The research is linked above.

This research paper quantifies the previously overlooked public health consequences of artificial intelligence (AI), focusing on the air pollution generated throughout its lifecycle—from chip manufacturing to data center operation. The authors present a methodology for modeling pollutant emissions and their resulting health impacts, finding that AI's environmental footprint translates to substantial health costs, potentially exceeding $20 billion annually in the US by 2030 and disproportionately affecting low-income communities. This "hidden toll" of AI, the paper argues, necessitates standardized reporting protocols for air pollutants and health impacts, the development of "health-informed AI" to mitigate adverse effects, and a focus on achieving public health equity.
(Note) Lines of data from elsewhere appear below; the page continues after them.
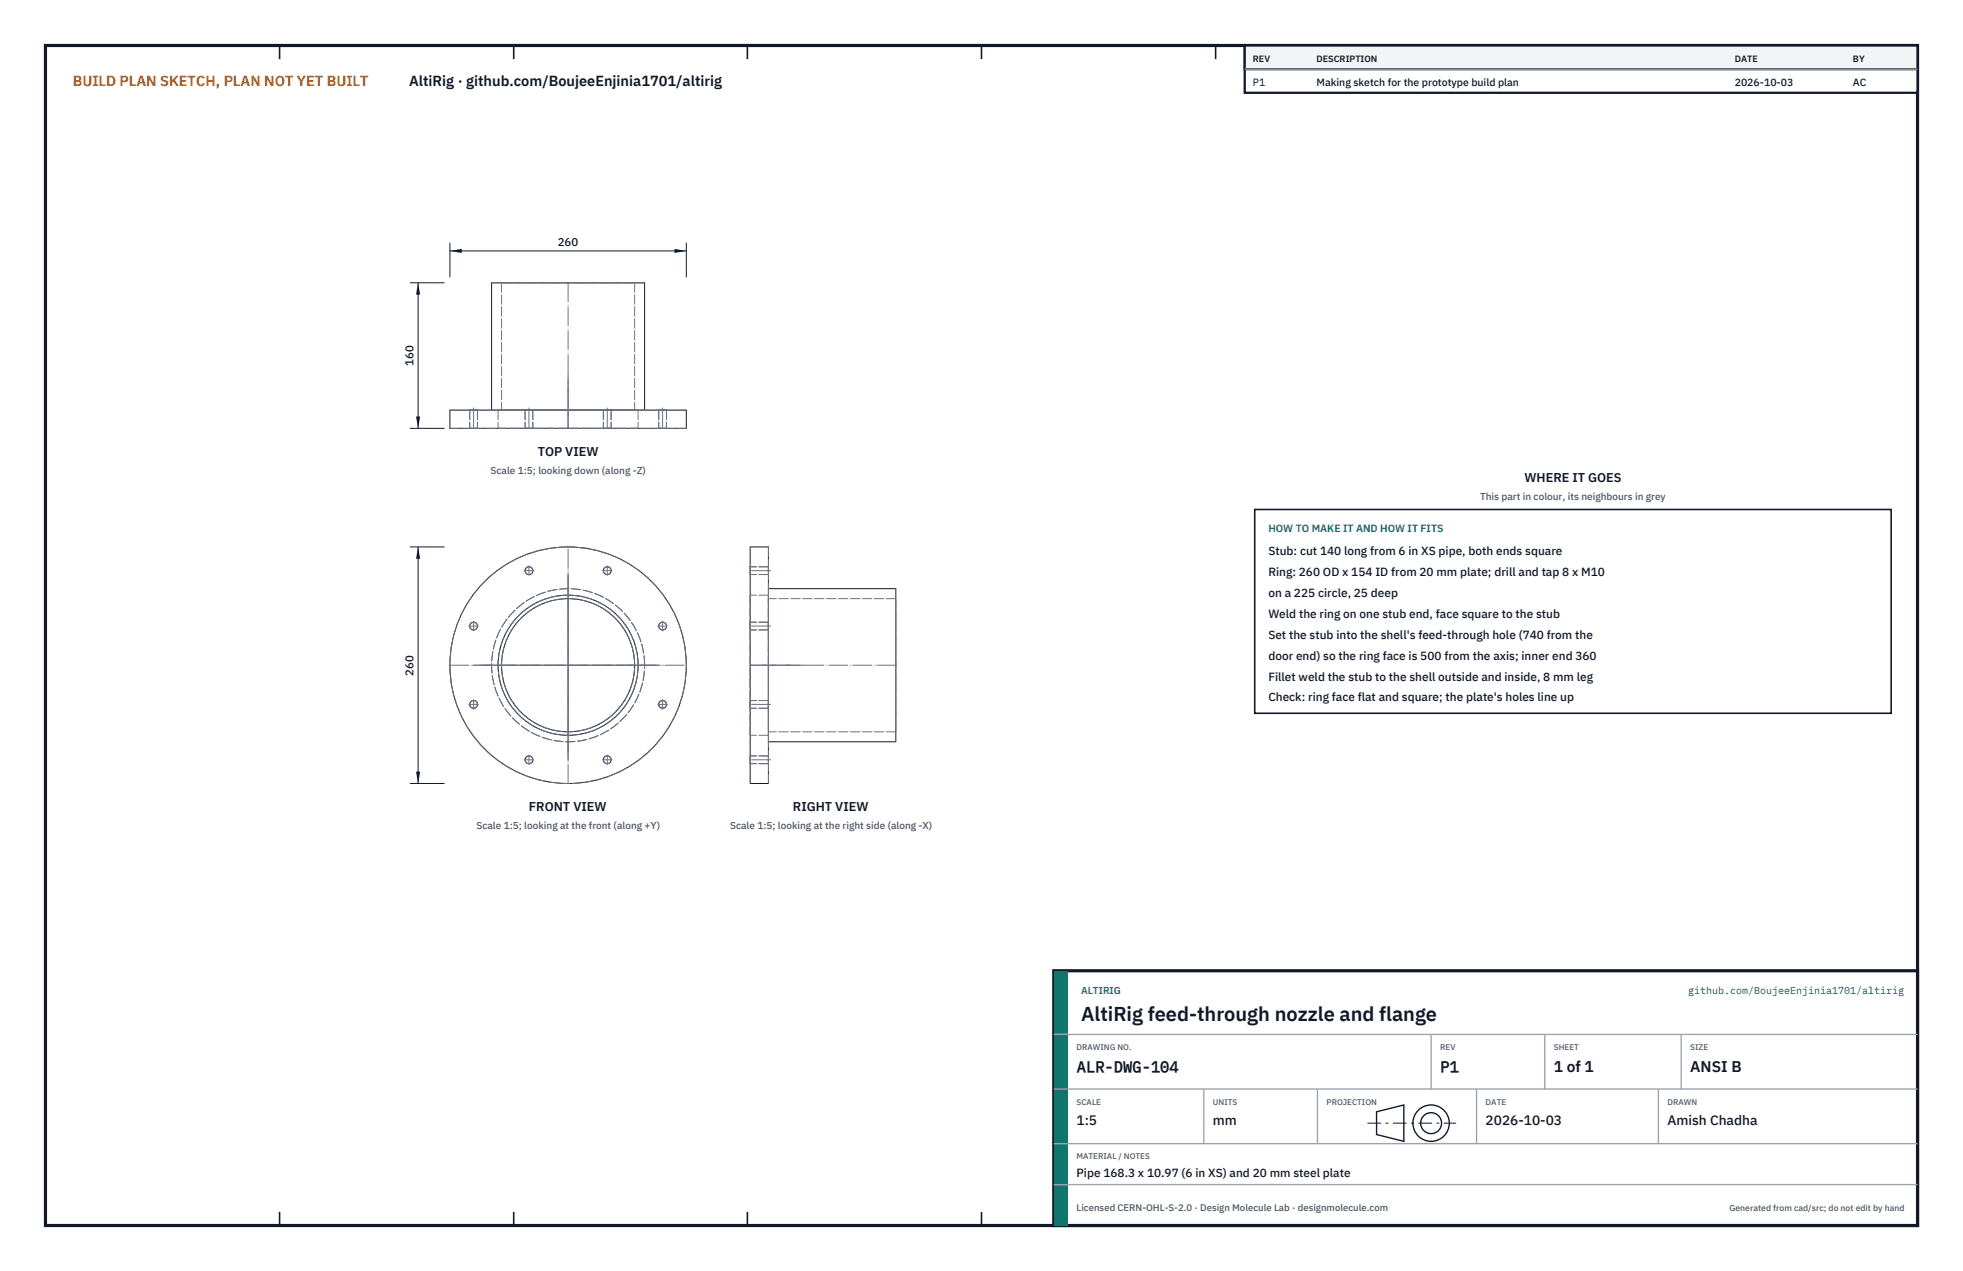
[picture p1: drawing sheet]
<svg xmlns="http://www.w3.org/2000/svg" width="432mm" height="279mm" viewBox="0 0 432 279" stroke-linecap="round" stroke-linejoin="round" font-family="sans-serif">
<defs><g id="words">
<text font-size="4.4" fill="#111827" x="237.8" y="224.4">AltiRig feed-through nozzle and flange</text>
<g font-size="3.4" fill="#111827">
<text x="236.8" y="235.6">ALR-DWG-104</text>
<text x="316.8" y="235.6">P1</text>
<text x="341.8" y="235.6">1 of 1</text>
<text x="371.8" y="235.6">ANSI B</text>
</g>
<text font-size="3.2" fill="#b45309" x="16" y="19">BUILD PLAN SKETCH, PLAN NOT YET BUILT</text>
<text font-size="3.2" fill="#111827" x="90" y="19">AltiRig · github.com/BoujeeEnjinia1701/altirig</text>
<g font-size="3" fill="#111827">
<text x="236.8" y="247.2">1:5</text>
<text x="266.8" y="247.2">mm</text>
<text x="326.8" y="247.2">2026-10-03</text>
<text x="366.8" y="247.2">Amish Chadha</text>
</g>
<g font-size="2.8" fill="#111827">
<text x="118.3" y="100.2">TOP VIEW</text>
<text x="335.3" y="106">WHERE IT GOES</text>
<text x="116.4" y="178.3">FRONT VIEW</text>
<text x="174.4" y="178.3">RIGHT VIEW</text>
</g>
<g font-size="2.6" fill="#111827">
<text x="279" y="122">Stub: cut 140 long from 6 in XS pipe, both ends square</text>
<text x="279" y="126.6">Ring: 260 OD x 154 ID from 20 mm plate; drill and tap 8 x M10</text>
<text x="279" y="131.2">on a 225 circle, 25 deep</text>
<text x="279" y="135.8">Weld the ring on one stub end, face square to the stub</text>
<text x="279" y="140.4">Set the stub into the shell's feed-through hole (740 from the</text>
<text x="279" y="145">door end) so the ring face is 500 from the axis; inner end 360</text>
<text x="279" y="149.6">Fillet weld the stub to the shell outside and inside, 8 mm leg</text>
<text x="279" y="154.2">Check: ring face flat and square; the plate's holes line up</text>
<text x="236.8" y="258.8">Pipe 168.3 x 10.97 (6 in XS) and 20 mm steel plate</text>
</g>
<g font-size="2.5" fill="#111827">
<text x="122.7" y="54.2">260</text>
<text x="91" y="80.4" transform="rotate(-90 91 80.4)">160</text>
<text x="91" y="148.5" transform="rotate(-90 91 148.5)">260</text>
</g>
<g font-size="2.3" fill="#111827">
<text x="275.6" y="18.8">P1</text>
<text x="289.6" y="18.8">Making sketch for the prototype build plan</text>
<text x="381.6" y="18.8">2026-10-03</text>
<text x="407.6" y="18.8">AC</text>
</g>
<text font-size="2.3" fill="#0f766e" x="279" y="117">HOW TO MAKE IT AND HOW IT FITS</text>
<g font-size="2.2" fill="#4b5563">
<text x="107.9" y="104.2">Scale 1:5; looking down (along -Z)</text>
<text x="325.6" y="110">This part in colour, its neighbours in grey</text>
<text x="104.8" y="182.3">Scale 1:5; looking at the front (along +Y)</text>
<text x="160.6" y="182.3">Scale 1:5; looking at the right side (along -X)</text>
</g>
<g font-size="2.2" fill="#0f766e">
<text x="237.8" y="218.4">ALTIRIG</text>
<text x="371.4" y="218.4">github.com/BoujeeEnjinia1701/altirig</text>
</g>
<text font-size="2.1" fill="#4b5563" x="236.8" y="266.2">Licensed CERN-OHL-S-2.0 · Design Molecule Lab · designmolecule.com</text>
<g font-size="2" fill="#111827">
<text x="275.6" y="13.6">REV</text>
<text x="289.6" y="13.6">DESCRIPTION</text>
<text x="381.6" y="13.6">DATE</text>
<text x="407.6" y="13.6">BY</text>
</g>
<text font-size="1.9" fill="#4b5563" x="380.4" y="266.2">Generated from cad/src; do not edit by hand</text>
<g font-size="1.8" fill="#4b5563">
<text x="236.8" y="230.8">DRAWING NO.</text>
<text x="316.8" y="230.8">REV</text>
<text x="341.8" y="230.8">SHEET</text>
<text x="371.8" y="230.8">SIZE</text>
<text x="236.8" y="242.8">SCALE</text>
<text x="266.8" y="242.8">UNITS</text>
<text x="291.8" y="242.8">PROJECTION</text>
<text x="326.8" y="242.8">DATE</text>
<text x="366.8" y="242.8">DRAWN</text>
<text x="236.8" y="254.8">MATERIAL / NOTES</text>
</g>
</g></defs>
<path d="M10 10h411.8v259.4h-411.8z" fill="none" stroke="#111827" stroke-width=".7" stroke-linecap="butt"/>
<g fill="none" stroke="#111827" stroke-width=".35">
<path d="M61.5 10v3M113 10v3M164.4 10v3M215.9 10v3M267.4 10v3M318.9 10v3M370.3 10v3M61.5 266.4v3M113 266.4v3M164.4 266.4v3M215.9 266.4v3M267.4 266.4v3"/>
<path d="M318.9 266.4v3M370.3 266.4v3"/>
</g>
<g fill="none" stroke="#111727" stroke-width=".22">
<path d="M99 90.2h52v4h-52zM108.1 90.2v-28h33.7v28M165 120.2h4v52h-4zM169 129.4h28v33.7h-28"/>
<circle cx="104.2" cy="137.6" r=".86"/>
<circle cx="116.3" cy="125.4" r=".86"/>
<circle cx="133.6" cy="125.4" r=".86"/>
<circle cx="145.7" cy="137.6" r=".86"/>
<circle cx="104.2" cy="154.8" r=".86"/>
<circle cx="125" cy="146.2" r="26"/>
<circle cx="125" cy="146.2" r="15.4"/>
<circle cx="125" cy="146.2" r="14.6"/>
<circle cx="145.7" cy="154.8" r=".86"/>
<circle cx="116.3" cy="167" r=".86"/>
<circle cx="133.6" cy="167" r=".86"/>
</g>
<g fill="none" stroke="#6a7180" stroke-width=".22" stroke-dasharray="2.1 .5">
<path d="M108.1 62.2h33.7M110.3 62.2h29.3M110.3 62.2v28M139.6 62.2h-29.3M139.6 62.2v28M99 90.2h52M99 94.2h52M103.3 90.2h1.7M103.3 94.2h1.7M103.3 90.2v4M105 90.2h-1.7M105 94.2h-1.7"/>
<path d="M105 90.2v4M108.1 90.2h33.7M109.6 94.2h30.8M109.6 90.2h30.8M109.6 90.2v4M110.3 90.2h29.3M115.5 90.2h1.7M115.5 94.2h1.7M115.5 90.2v4M117.2 90.2h-1.7M117.2 94.2h-1.7M117.2 90.2v4"/>
<path d="M132.7 90.2h1.7M132.7 94.2h1.7M132.7 90.2v4M134.4 90.2h-1.7M134.4 94.2h-1.7M134.4 90.2v4M139.6 90.2h-29.3M140.4 94.2h-30.8M140.4 90.2h-30.8M140.4 90.2v4M141.8 90.2h-33.7M144.9 90.2h1.7"/>
<path d="M144.9 94.2h1.7M144.9 90.2v4M146.6 90.2h-1.7M146.6 94.2h-1.7M146.6 90.2v4M165 120.2v52M165 137.6v-.8M165 136.8v1.7M165 138.5v-.9M165 125.4v-.8M165 124.6v1.7M165 126.3v-.9"/>
<path d="M165 130.8v30.8M169 129.4v33.7M169 120.2v52M169 137.6v-.8M169 136.8v1.7M169 138.5v-.9M169 125.4v-.8M169 124.6v1.7M169 126.3v-.9M169 131.6v29.3M169 130.8v30.8M169 136.8h-4"/>
<path d="M169 138.5h-4M169 124.6h-4M169 126.3h-4M169 130.8h-4M197 129.4v33.7M197 131.6v29.3M197 131.6h-28M165 154.8v-.8M165 154v1.7M165 155.7v-.9M165 146.2v-15.4M169 146.2v-16.8"/>
<path d="M169 154.8v-.8M169 154v1.7M169 155.7v-.9M169 146.2v-14.6M169 146.2v-15.4M169 154h-4M169 155.7h-4M197 146.2v-14.6M165 167v-.8M165 166.2v1.7M165 167.9v-.9M165 161.6v-15.4"/>
<path d="M169 163.1v-16.9M169 167v-.8M169 166.2v1.7M169 167.9v-.9M169 160.9v-14.7M169 161.6v-15.4M169 166.2h-4M169 167.9h-4M169 161.6h-4M197 160.9v-14.7M197 160.9h-28"/>
<circle cx="104.2" cy="137.6" r=".86"/>
<circle cx="116.3" cy="125.4" r=".86"/>
<circle cx="133.6" cy="125.4" r=".86"/>
<circle cx="145.7" cy="137.6" r=".86"/>
<circle cx="104.2" cy="154.8" r=".86"/>
<circle cx="125" cy="146.2" r="26"/>
<circle cx="125" cy="146.2" r="15.4"/>
<circle cx="125" cy="146.2" r="16.8"/>
<circle cx="125" cy="146.2" r="14.6"/>
<circle cx="145.7" cy="154.8" r=".86"/>
<circle cx="116.3" cy="167" r=".86"/>
<circle cx="133.6" cy="167" r=".86"/>
</g>
<g fill="none" stroke="#6a7180" stroke-width=".22" stroke-dasharray="4.2 .5 0 .5">
<path d="M125 62.2v32M104.2 89.7v4.5M116.4 89.7v4.5M125 85.3v8.9M125 82.1v12.1M133.6 89.7v4.5M145.8 89.7v4.5M103.1 137.6h2.1M104.2 138.7v-2.1M115.3 125.4h2.1M116.4 126.5v-2.1M132.5 125.4h2.1"/>
<path d="M133.6 126.5v-2.1M144.7 137.6h2.1M145.8 138.7v-2.1M169.5 137.6h-4.5M169.5 125.4h-4.5M99 146.2h52M103.1 154.8h2.1M103.9 146.2h42.1M104.2 155.9v-2.1M105.7 146.2h38.5M106.7 146.2h36.6M144.7 154.8h2.1"/>
<path d="M145.8 155.9v-2.1M169.5 154.8h-4.5M173.9 146.2h-8.9M177.1 146.2h-12.1M197 146.2h-32M115.3 167h2.1M116.4 168.1v-2.1M125 172.2v-52M125 167.3v-42.1M125 165.5v-38.5M125 164.5v-36.6M132.5 167h2.1"/>
<path d="M133.6 168.1v-2.1M169.5 167h-4.5"/>
</g>
<path d="M99 53.4v7.6M99 55.2h52M151 53.4v7.6" fill="none" stroke="#111827" stroke-width=".22"/>
<path d="M99 55.2l2.6-.5v.9zM148.4 54.7v.9l2.6-.4z" fill="#111827"/>
<path d="M90.2 62.2h7.6M92 62.2v32M90.2 94.2h7.6" fill="none" stroke="#111827" stroke-width=".22"/>
<path d="M92 62.2l-.5 2.6h.9zM91.5 91.6h.9l-.4 2.6z" fill="#111827"/>
<path d="M90.2 120.2h7.6M92 120.2v52M90.2 172.2h7.6" fill="none" stroke="#111827" stroke-width=".22"/>
<path d="M92 120.2l-.5 2.6h.9zM91.5 169.6h.9l-.4 2.6z" fill="#111827"/>
<path d="M276 112h140v44.8h-140z" fill="#fff" stroke="#111827" stroke-width=".35"/>
<path d="M273.8 10h148v10.4h-148z" fill="#fff" stroke="#111827" stroke-width=".5"/>
<path d="M273.8 10h148v5.2h-148z" fill="#f3f4f6" stroke="#111827" stroke-width=".5"/>
<path d="M273.8 15.2h148" fill="none" stroke="#9ca3af" stroke-width=".3"/>
<path d="M231.8 213.4h190v56h-190z" fill="#fff" stroke="#111827" stroke-width=".7" stroke-linecap="butt"/>
<path d="M231.8 213.4h3v56h-3z" fill="#0f766e"/>
<path d="M231.8 227.4h190M231.8 239.4h190M264.8 239.4v12M289.8 239.4v12M314.8 227.4v12M324.8 239.4v12M339.8 227.4v12M364.8 239.4v12M369.8 227.4v12M231.8 251.4h190M231.8 260.4h190" fill="none" stroke="#9ca3af" stroke-width=".3"/>
<g fill="none" stroke="#111827" stroke-width=".3">
<path d="M302.8 244.4l6-1.5v8l-6-1.5z"/>
<circle cx="314.8" cy="246.9" r="4"/>
<circle cx="314.8" cy="246.9" r="2.3"/>
</g>
<path d="M300.8 246.9h19.5" fill="none" stroke="#111827" stroke-width=".22" stroke-dasharray="3 1 .6 1" stroke-linecap="butt"/>
<use href="#words"/>
</svg>

Psychologists could find the information in the sources valuable as it highlights the potential mental health consequences of socioeconomic disparities exacerbated by AI's environmental impact. The sources reveal that the health burden of AI, particularly from data centers, is unevenly distributed and disproportionately affects low-income communities. This raises concerns about increased stress, anxiety, and depression in these communities due to factors like higher exposure to air pollution, reduced access to healthcare, and financial strain from increased health costs. Understanding these psychological impacts could inform interventions and policies aimed at mitigating the negative mental health consequences of AI's growth, particularly for vulnerable populations.